Finding Equations of Curves (1 Viewer)

[flon]

hey guys help us out with this question

find the equation of the curve that is always concave upwards with a stationary point at (-1,-2) and y intercept 3.

thanks

 

[independantz]

given: f'(1)=0, f(1)=-2, satisfies (0,3)

consider: f(x)=ax^2+bx+c

2a+b=0 using f'(1)=0
a+b+c=-2, using f(1)=-2
c=3, since the curve passes through (0,3)

solving simultaneously...

a=5,b=-10,c=3 these may be wrong as i did it in my head...

therfore eq of curve : 5x^2+10x+3

 

[ianc]

hi there

always concave upwards = smiley faced parabola

this means it is in the form of y=ax^2 + bx + c

note that because it is concave up, this means that a must be postitive.

so it's just a matter of finding a,b,c


we are given a stationary point. this is really helpful!

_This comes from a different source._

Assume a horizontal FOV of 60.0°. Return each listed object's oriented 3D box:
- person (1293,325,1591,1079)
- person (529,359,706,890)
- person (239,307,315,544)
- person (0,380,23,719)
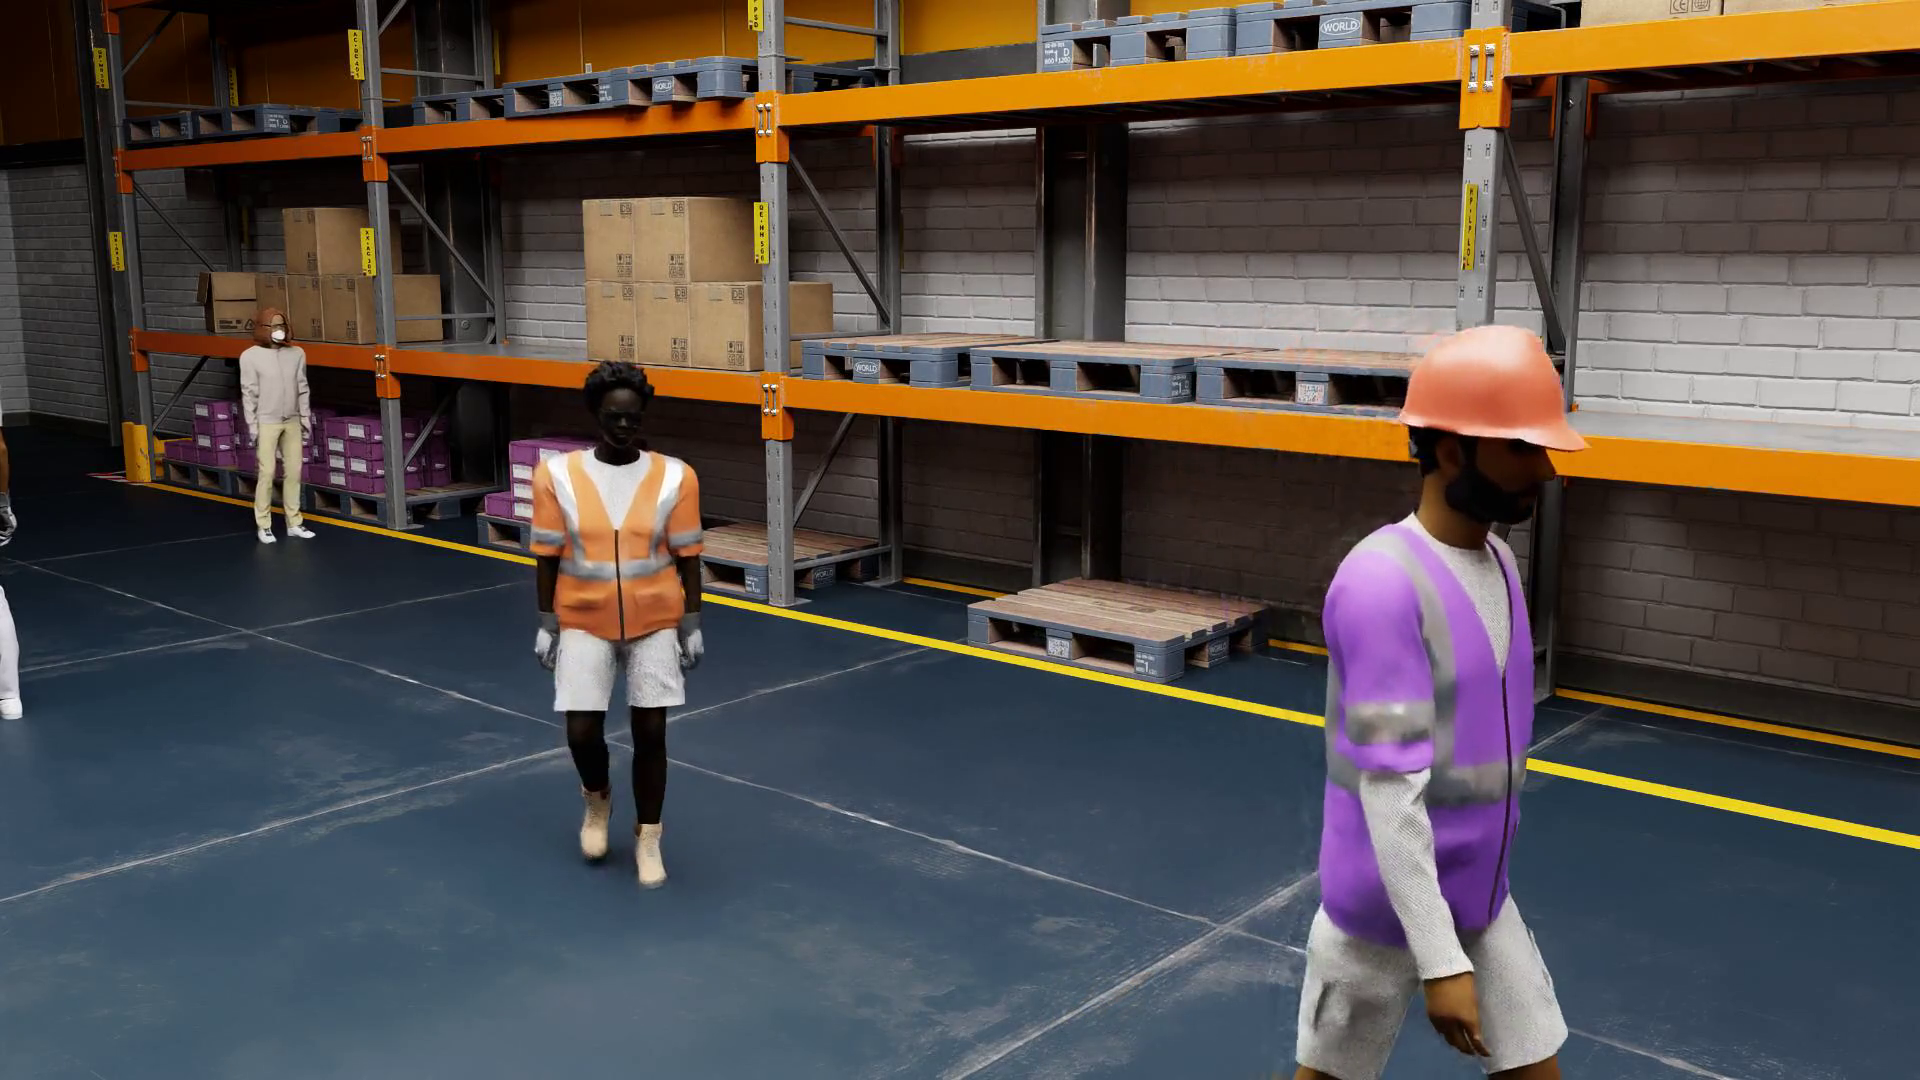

• we know that the parabola must pass through the stationary point. so substitute in x=-1 and y=-2 into our equation
  
  
• differentiate our equation to get dy/dx = 2ax + b
  the stationary point is when dy/dx=0, so substitute in x=-1 into 2ax+b=0
  
  
• y intercept is 3: this just gives us another point the curve passes through. so substitute in x=0, y=3 into our equation.
  

so by now you should have 3 equations, with 3 unknowns (a,b,c) -- so just solve them and you've worked it out!